## Exercise requirements
For every entry below, give an exact repeat and leave out the pictures.

· · · · ·

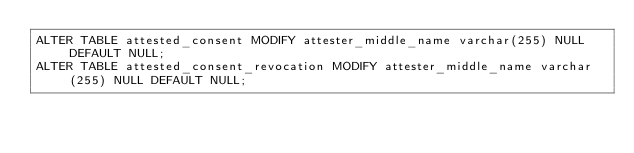<code> <loc_0><loc_0><loc_500><loc_500><_SQL_>ALTER TABLE attested_consent MODIFY attester_middle_name varchar(255) NULL DEFAULT NULL;
ALTER TABLE attested_consent_revocation MODIFY attester_middle_name varchar(255) NULL DEFAULT NULL;</code> 
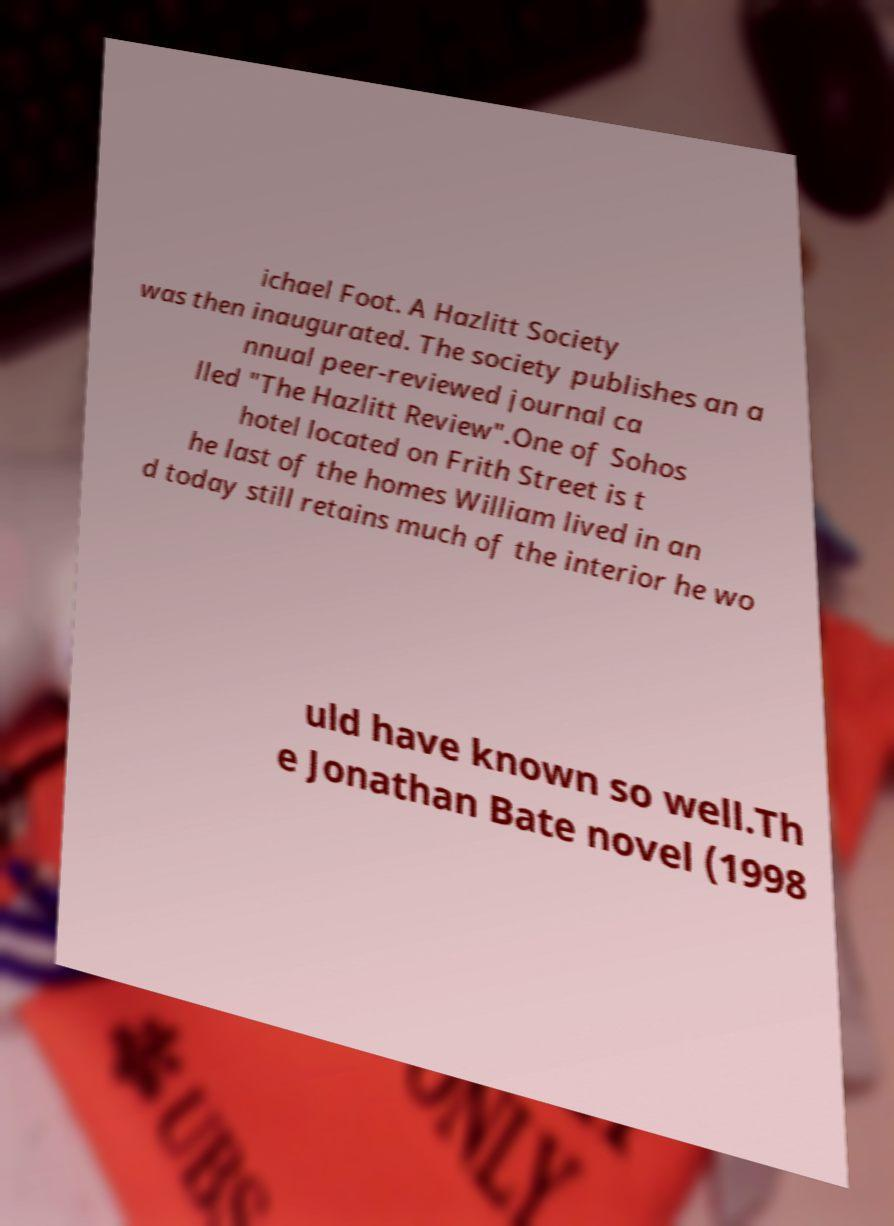Can you accurately transcribe the text from the provided image for me? ichael Foot. A Hazlitt Society was then inaugurated. The society publishes an a nnual peer-reviewed journal ca lled "The Hazlitt Review".One of Sohos hotel located on Frith Street is t he last of the homes William lived in an d today still retains much of the interior he wo uld have known so well.Th e Jonathan Bate novel (1998 
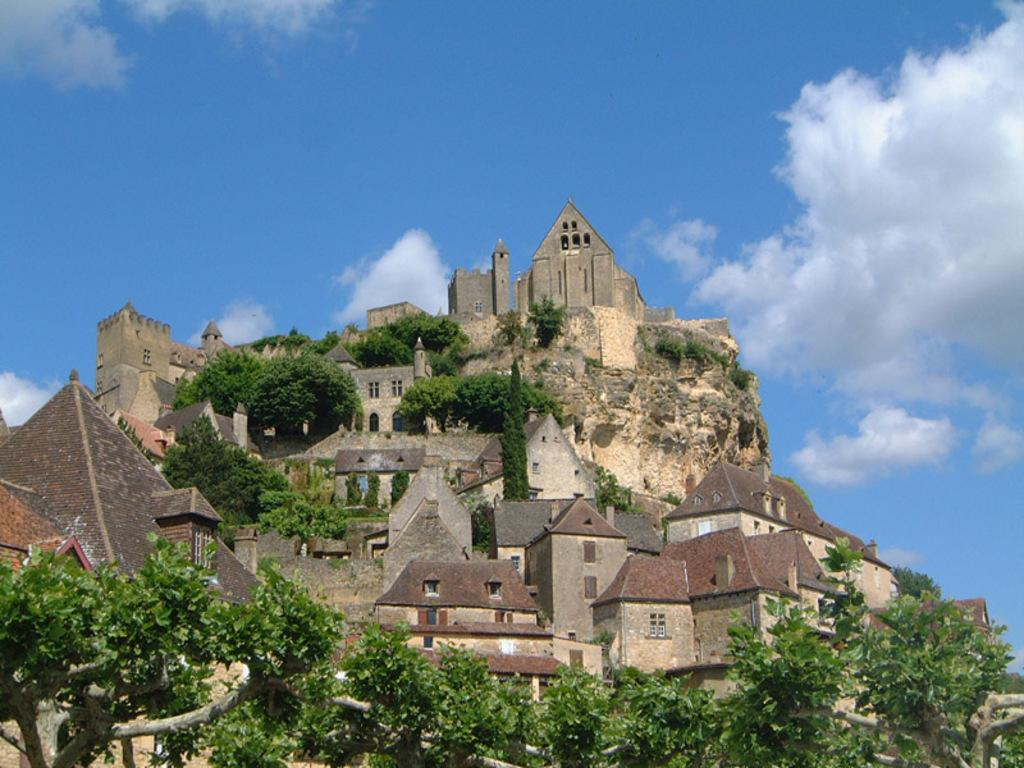What type of natural elements can be seen in the image? There are trees in the image. What type of man-made structures are present in the image? There are buildings in the image. What is visible at the top of the image? The sky is visible at the top of the image. What can be observed in the sky? There are clouds in the sky. What type of juice is being served to the group during the earthquake in the image? There is no juice, group, or earthquake present in the image. The image features trees, buildings, the sky, and clouds. 
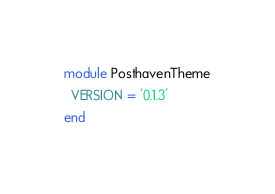<code> <loc_0><loc_0><loc_500><loc_500><_Ruby_>module PosthavenTheme
  VERSION = '0.1.3'
end
</code> 
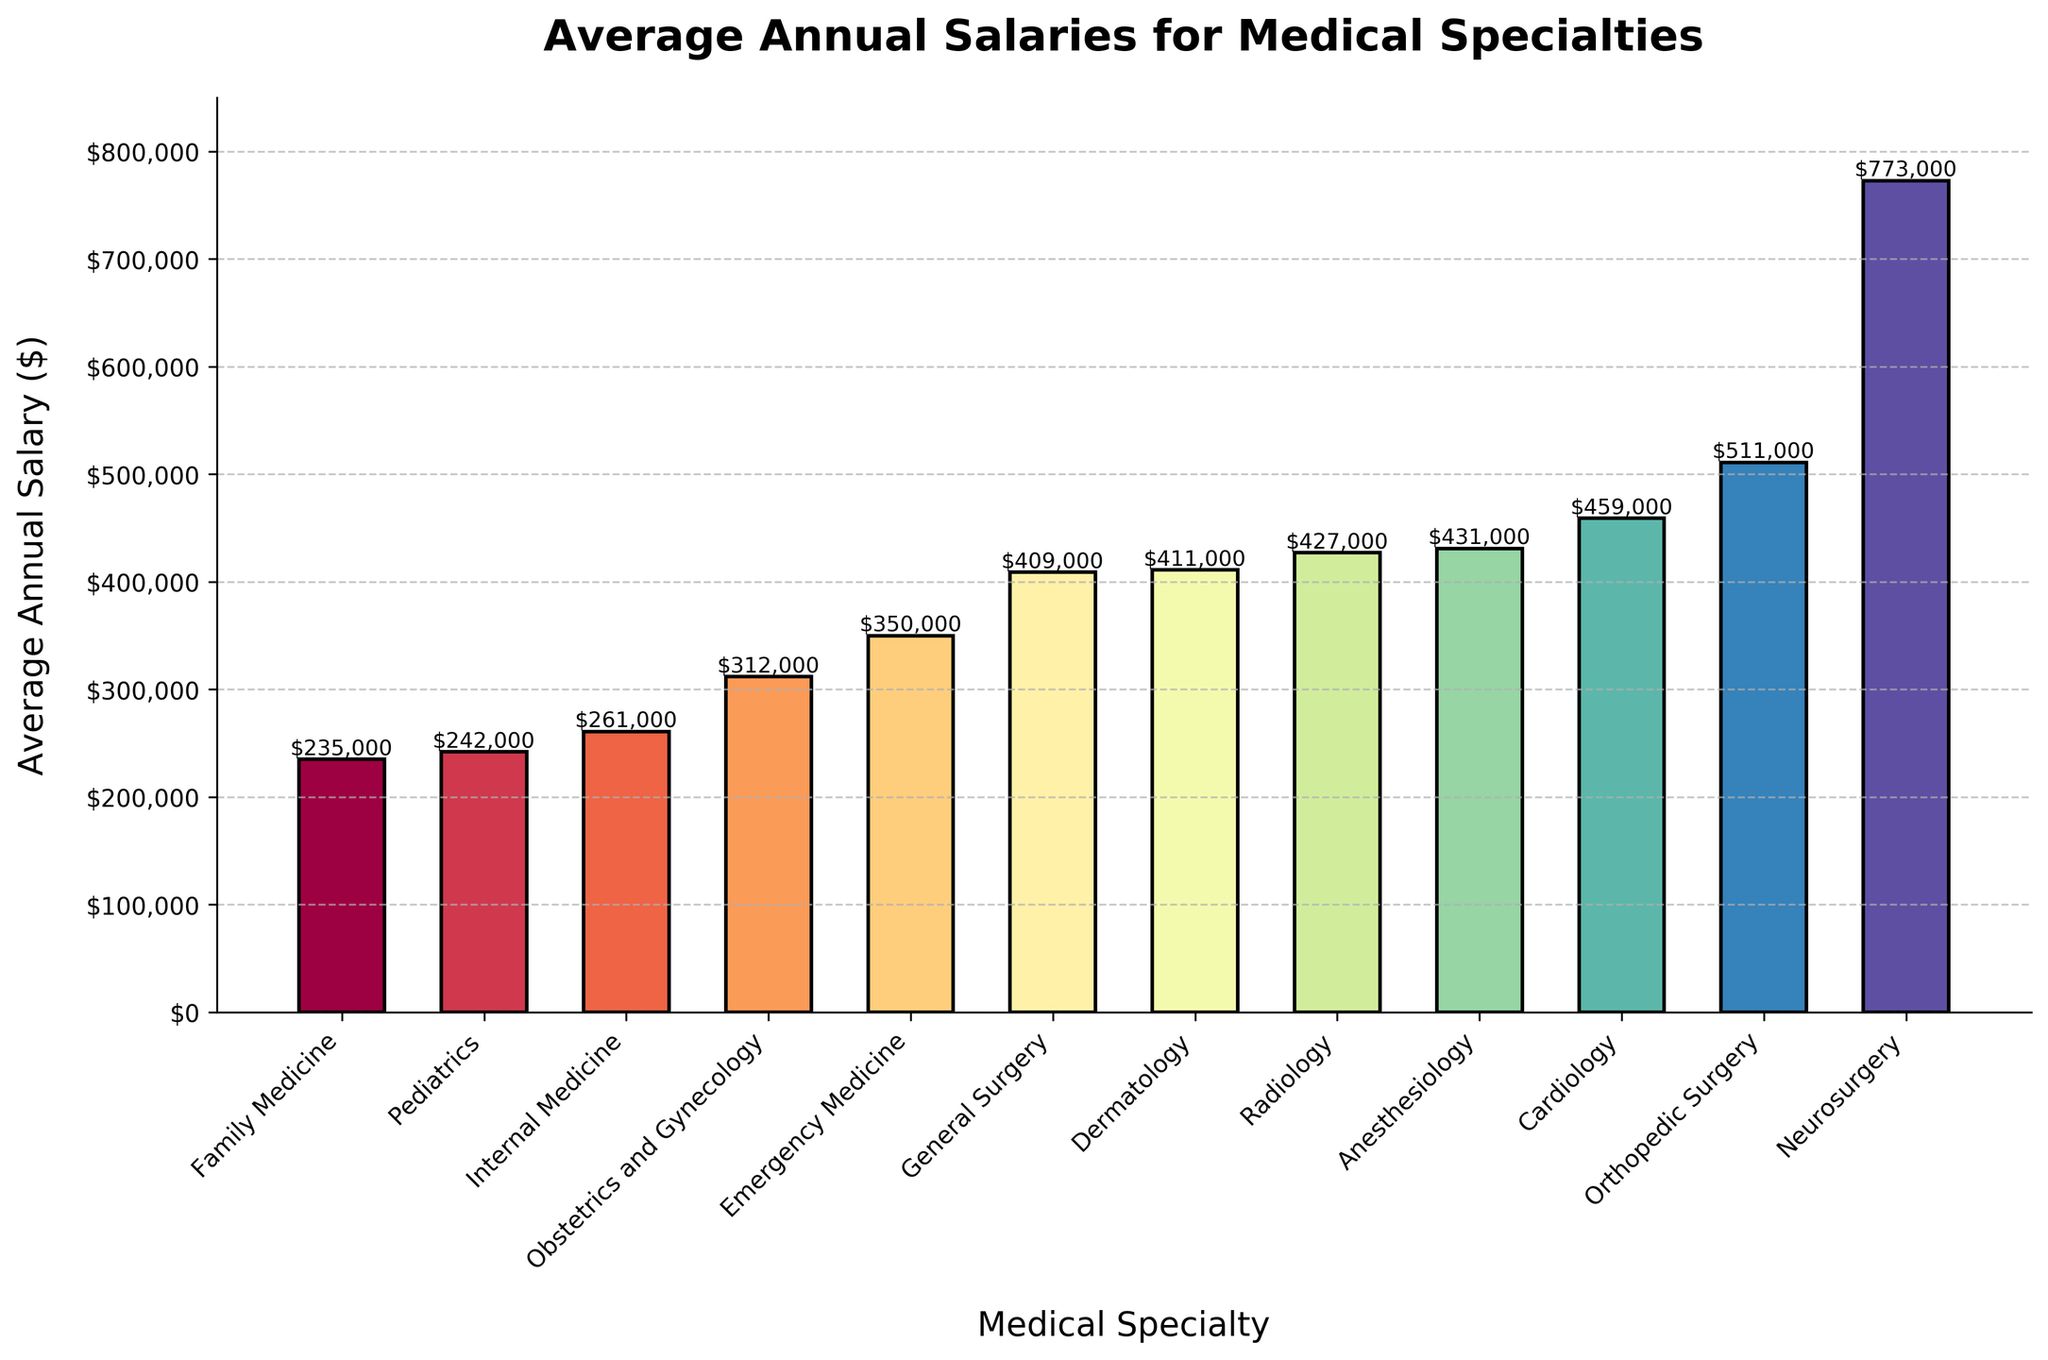What is the medical specialty with the highest average annual salary? The specialty with the highest bar in the chart corresponds to the highest average annual salary, which is Neurosurgery.
Answer: Neurosurgery Which medical specialty has a lower average annual salary: Pediatrics or Obstetrics and Gynecology? By comparing the heights of the bars labeled "Pediatrics" and "Obstetrics and Gynecology", it is clear that the bar for "Pediatrics" is shorter, indicating a lower average salary.
Answer: Pediatrics What is the approximate difference in annual salary between General Surgery and Dermatology? To find the difference, locate the bars for General Surgery and Dermatology, then subtract the height of General Surgery (409,000) from Dermatology (411,000).
Answer: $2,000 Which specialties have average annual salaries greater than $400,000? The bars whose heights exceed the $400,000 mark represent the specialties with higher salaries. These are Dermatology, Radiology, Anesthesiology, Cardiology, Orthopedic Surgery, and Neurosurgery.
Answer: Dermatology, Radiology, Anesthesiology, Cardiology, Orthopedic Surgery, Neurosurgery What is the combined average salary of Family Medicine, Pediatrics, and Internal Medicine? Sum the values for these three specialties: Family Medicine ($235,000) + Pediatrics ($242,000) + Internal Medicine ($261,000) = $738,000.
Answer: $738,000 How does the average annual salary of Emergency Medicine compare to that of Cardiology? Comparing the height of the bars for Emergency Medicine ($350,000) and Cardiology ($459,000) shows that Emergency Medicine salary is lower.
Answer: Lower Which specialty has the second highest average annual salary, and what is the salary? Identify the tallest bar (Neurosurgery) and then find the second tallest bar, which corresponds to Orthopedic Surgery, with a salary of $511,000.
Answer: Orthopedic Surgery, $511,000 What is the range in salaries from the lowest to the highest paid specialties? The range is calculated by subtracting the lowest salary (Family Medicine: $235,000) from the highest salary (Neurosurgery: $773,000). Range = $773,000 - $235,000.
Answer: $538,000 What is the visual trend in the average annual salaries as we move from Family Medicine to Neurosurgery on the x-axis? The bars progressively increase in height from left (Family Medicine) to right (Neurosurgery) indicating an upward trend in salaries.
Answer: Upward trend

· · · · ·

## Result
<code> <loc_0><loc_0><loc_500><loc_500><_SQL_>ALTER TABLE attested_consent MODIFY attester_middle_name varchar(255) NULL DEFAULT NULL;
ALTER TABLE attested_consent_revocation MODIFY attester_middle_name varchar(255) NULL DEFAULT NULL;</code> 
Can you accurately transcribe the text from the provided image for me? ichael Foot. A Hazlitt Society was then inaugurated. The society publishes an a nnual peer-reviewed journal ca lled "The Hazlitt Review".One of Sohos hotel located on Frith Street is t he last of the homes William lived in an d today still retains much of the interior he wo uld have known so well.Th e Jonathan Bate novel (1998 
What type of natural elements can be seen in the image? There are trees in the image. What type of man-made structures are present in the image? There are buildings in the image. What is visible at the top of the image? The sky is visible at the top of the image. What can be observed in the sky? There are clouds in the sky. What type of juice is being served to the group during the earthquake in the image? There is no juice, group, or earthquake present in the image. The image features trees, buildings, the sky, and clouds. 
<code> <loc_0><loc_0><loc_500><loc_500><_Ruby_>module PosthavenTheme
  VERSION = '0.1.3'
end
</code> 
What is the medical specialty with the highest average annual salary? The specialty with the highest bar in the chart corresponds to the highest average annual salary, which is Neurosurgery.
Answer: Neurosurgery Which medical specialty has a lower average annual salary: Pediatrics or Obstetrics and Gynecology? By comparing the heights of the bars labeled "Pediatrics" and "Obstetrics and Gynecology", it is clear that the bar for "Pediatrics" is shorter, indicating a lower average salary.
Answer: Pediatrics What is the approximate difference in annual salary between General Surgery and Dermatology? To find the difference, locate the bars for General Surgery and Dermatology, then subtract the height of General Surgery (409,000) from Dermatology (411,000).
Answer: $2,000 Which specialties have average annual salaries greater than $400,000? The bars whose heights exceed the $400,000 mark represent the specialties with higher salaries. These are Dermatology, Radiology, Anesthesiology, Cardiology, Orthopedic Surgery, and Neurosurgery.
Answer: Dermatology, Radiology, Anesthesiology, Cardiology, Orthopedic Surgery, Neurosurgery What is the combined average salary of Family Medicine, Pediatrics, and Internal Medicine? Sum the values for these three specialties: Family Medicine ($235,000) + Pediatrics ($242,000) + Internal Medicine ($261,000) = $738,000.
Answer: $738,000 How does the average annual salary of Emergency Medicine compare to that of Cardiology? Comparing the height of the bars for Emergency Medicine ($350,000) and Cardiology ($459,000) shows that Emergency Medicine salary is lower.
Answer: Lower Which specialty has the second highest average annual salary, and what is the salary? Identify the tallest bar (Neurosurgery) and then find the second tallest bar, which corresponds to Orthopedic Surgery, with a salary of $511,000.
Answer: Orthopedic Surgery, $511,000 What is the range in salaries from the lowest to the highest paid specialties? The range is calculated by subtracting the lowest salary (Family Medicine: $235,000) from the highest salary (Neurosurgery: $773,000). Range = $773,000 - $235,000.
Answer: $538,000 What is the visual trend in the average annual salaries as we move from Family Medicine to Neurosurgery on the x-axis? The bars progressively increase in height from left (Family Medicine) to right (Neurosurgery) indicating an upward trend in salaries.
Answer: Upward trend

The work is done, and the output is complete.